"I sat there thinking, Wait-what event? No one told me about an event. As the conversation continued, it became clear that everyone except me had been invited. I could feel my chest tighten as an old, familiar story surfaced: I'm not included. I don't belong. In that moment, my mind began to spiral. I was filtering everything through an old story-my lifelong schema of being an outsider. After the meeting, I took a step back to reflect and ask myself what else could be true."
"I realized there could be many possible explanations, so I decided to reach out by emailing one of the group members. It turned out that I hadn't received the message about the event because my email address wasn't on the group's mailing list. The experience made me think about how easily our minds fill in gaps with assumptions. We all have patterns of thinking that shape how we interpret what's happening around us-sometimes accurately, sometimes not.

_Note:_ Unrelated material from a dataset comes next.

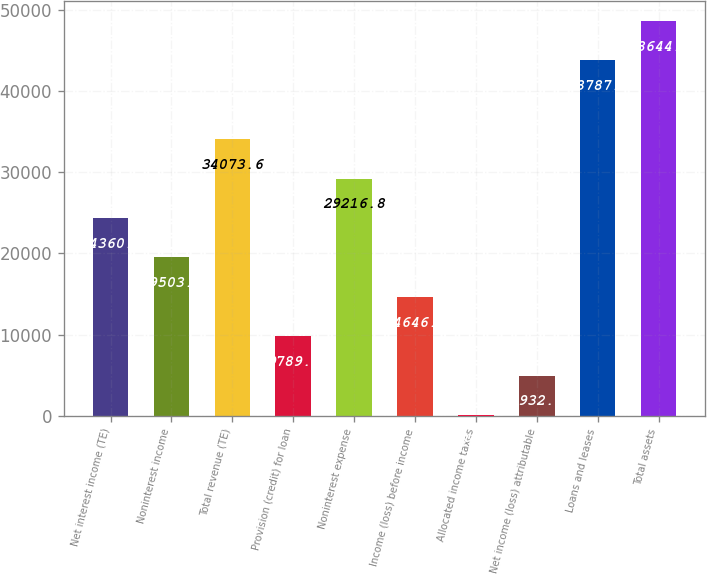<chart> <loc_0><loc_0><loc_500><loc_500><bar_chart><fcel>Net interest income (TE)<fcel>Noninterest income<fcel>Total revenue (TE)<fcel>Provision (credit) for loan<fcel>Noninterest expense<fcel>Income (loss) before income<fcel>Allocated income taxes<fcel>Net income (loss) attributable<fcel>Loans and leases<fcel>Total assets<nl><fcel>24360<fcel>19503.2<fcel>34073.6<fcel>9789.6<fcel>29216.8<fcel>14646.4<fcel>76<fcel>4932.8<fcel>43787.2<fcel>48644<nl></chart>

In psychology, these patterns are called schemas."
Schemas are mental frameworks shaped by early experiences that influence how people perceive themselves, others, and events. Repeated experiences carve deep grooves in thinking that bias interpretation and trigger automatic emotional reactions. An example shows a professional excluded from an event who immediately felt outsider fears, questioned possible explanations, reached out, and discovered a mailing-list error rather than intentional exclusion. Awareness of schemas allows questioning automatic assumptions, reflecting, and testing alternative explanations. Schemas often form to keep children safe or to make sense of pain, but protective patterns that once helped survival can constrain adult thinking, feeling, and relationships.